= Elmo Hood =

British contemporary artist

Elliot Nicholas Hood (born 1989), known as Elmo Hood, is a British contemporary artist. He works in abstraction, pop art and collage.

== Early life and education ==
Elliot Nicholas Hood was born in Southampton, Hampshire, England in 1989. Living in Chandler’s Ford he attended Thornden School and Barton Peveril Sixth Form College. Hood’s grades qualified him for a sports scholarship at Bath University where he took a Sports Performance foundation degree with hopes of becoming a professional basketball player.

== Career ==
Following a sports injury and family bereavement in 2011, Hood turned to painting as a coping mechanism. Art had been his favourite subject at secondary school where he also studied ceramics and though not seeing a career in art at first, following his move to London he took it more seriously. In 2013, he was commissioned to paint a series of murals for the Teenage Cancer Trust at Southampton General Hospital. That same year he participated in Urban in Ibiza whose theme for the year was ‘Sons of Warhol’ alongside artists such as Banksy, John Tracy and Shephard Fairey.

Hood’s Queen of Hearts piece went viral on social media in 2013. It was created in the pub one evening when he was playing cards and he uploaded the composition to Instagram where it was shared by celebrities including Sean Combs, The Game, Jessie J and Nicola Roberts. It later appeared in the March 2014 issue of Glamour Magazine, Southern Daily Echo and featured in the stage set for Mary J. Blige and Maxwell’s King and Queen of Hearts World Tour.

In April 2014, Hood’s art was exhibited in Munich at the Stroke Art Fair. In May 2014, he went with graffiti artist Inkie to New York City where they collaborated with American artists at “The Allies” group show. Hood held his first solo exhibition ‘One in One Out’ in October 2014 in Knightsbridge, London.

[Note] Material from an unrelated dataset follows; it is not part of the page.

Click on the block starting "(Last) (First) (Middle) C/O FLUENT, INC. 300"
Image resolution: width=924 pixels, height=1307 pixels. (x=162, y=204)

That same year he took part in Urban in Ibiza 6, Art Wars at the Moniker Art Fair and several other exhibitions. In 2016, Hood was featured in the British edition of GQ. In May 2016, Hood’s artwork was included in Eunice Olumide’s eponymous gallery at the Groucho Club in London. In November 2016, the Westbank Gallery in London hosted Down the Rabbit Hole, an exhibition of Hood’s work with inspiration taken from Alice in Wonderland.

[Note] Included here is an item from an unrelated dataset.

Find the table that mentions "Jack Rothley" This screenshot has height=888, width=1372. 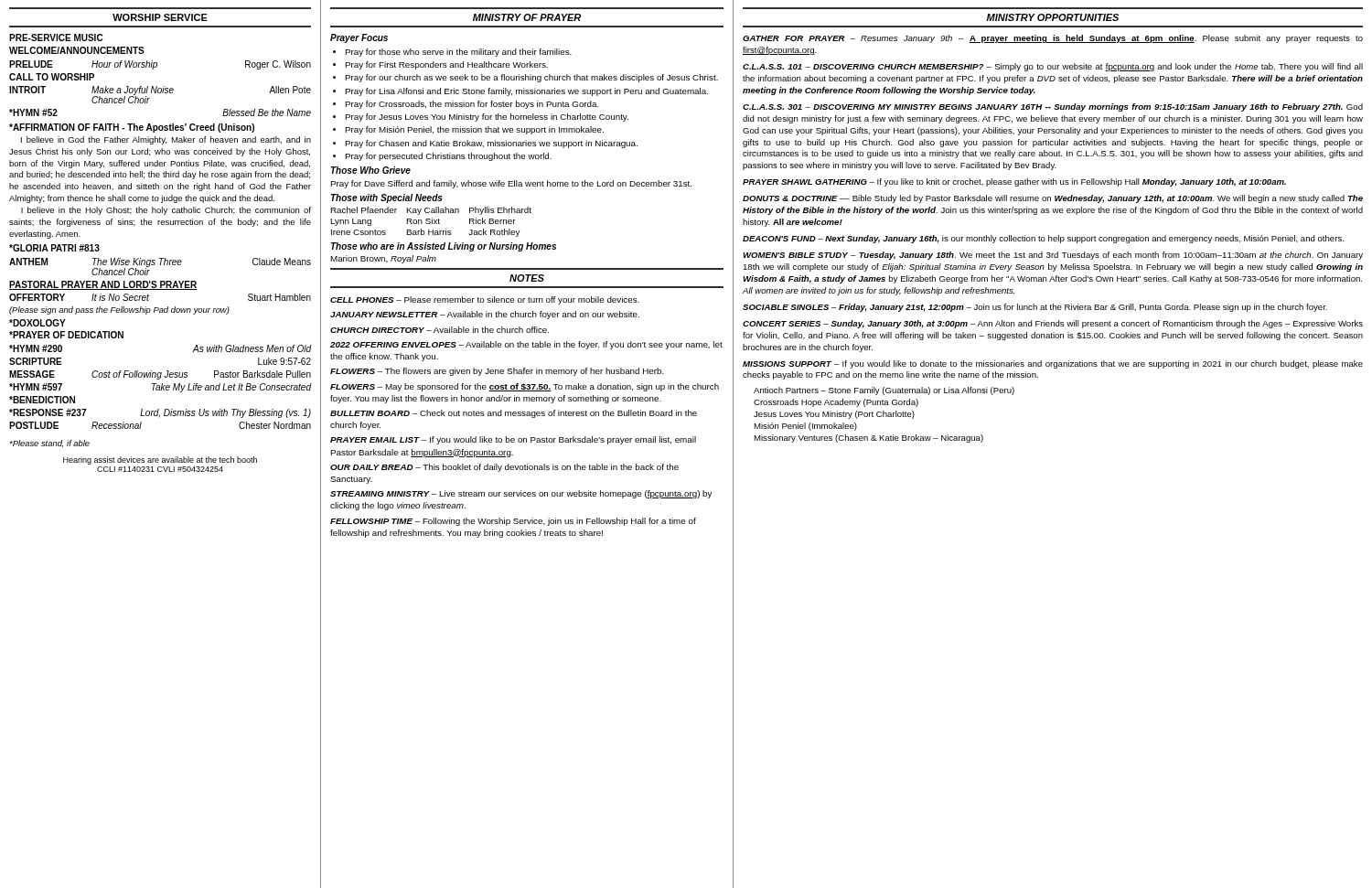(x=527, y=222)
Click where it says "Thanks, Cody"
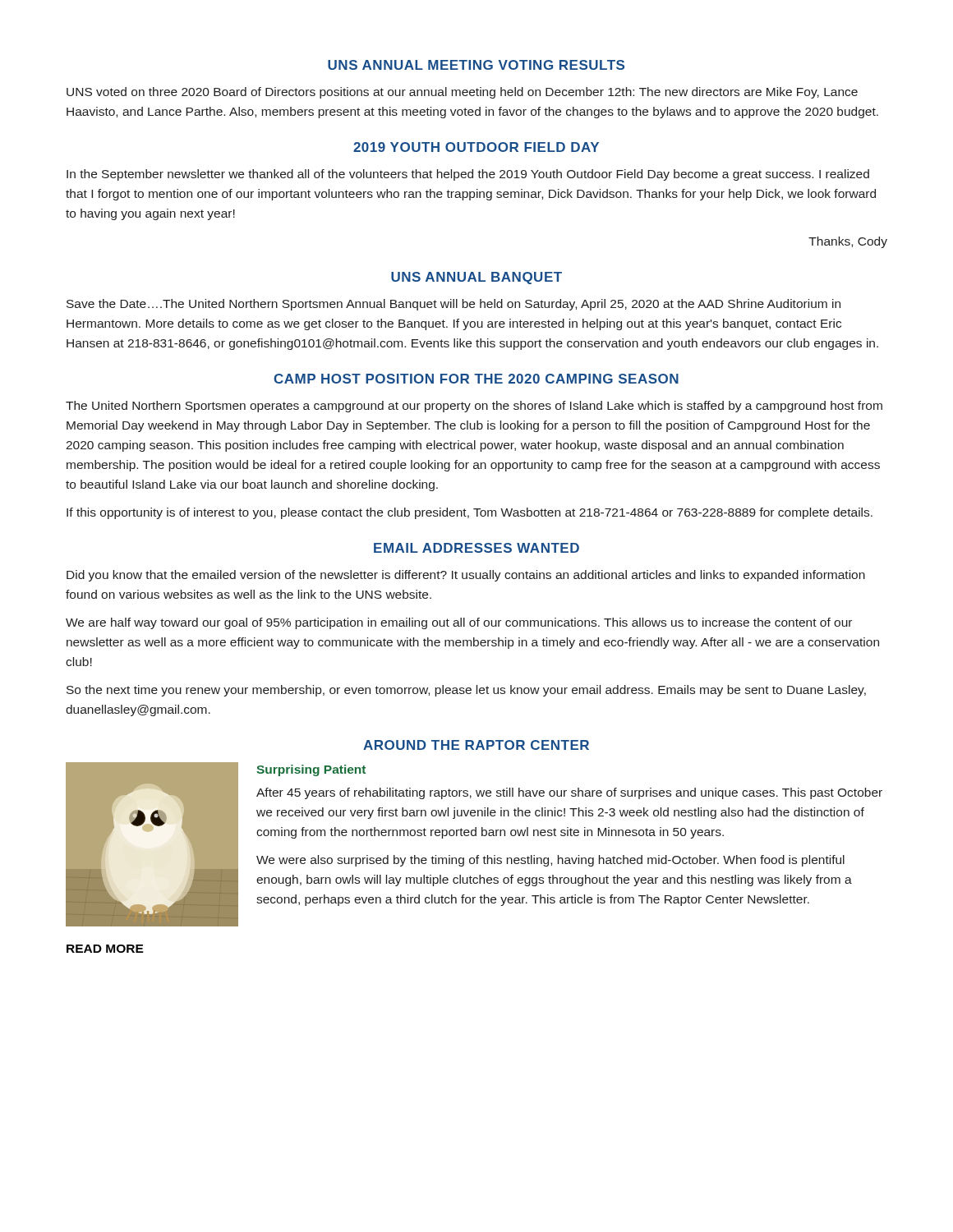This screenshot has height=1232, width=953. tap(848, 241)

In 2017, Hood was invited to be a selector for the ING Discerning Eye exhibition held at Mall Galleries where four of the pieces he selected won awards and 76 of his own works were displayed. Later that year he exhibited in Chicago at Vertical Gallery as part of their winter group show “Portrait”. Hood took part as an exhibitor and selector for Art Bahrain Across Borders 2018 held at the Bahrain International Exhibition & Convention Centre an event which showcased both local and international artists.

Hood's has exhibited artwork in the galleries in London, Paris, New York, Ibiza and Munich as well as having his work auctioned off at the Houses of Parliament.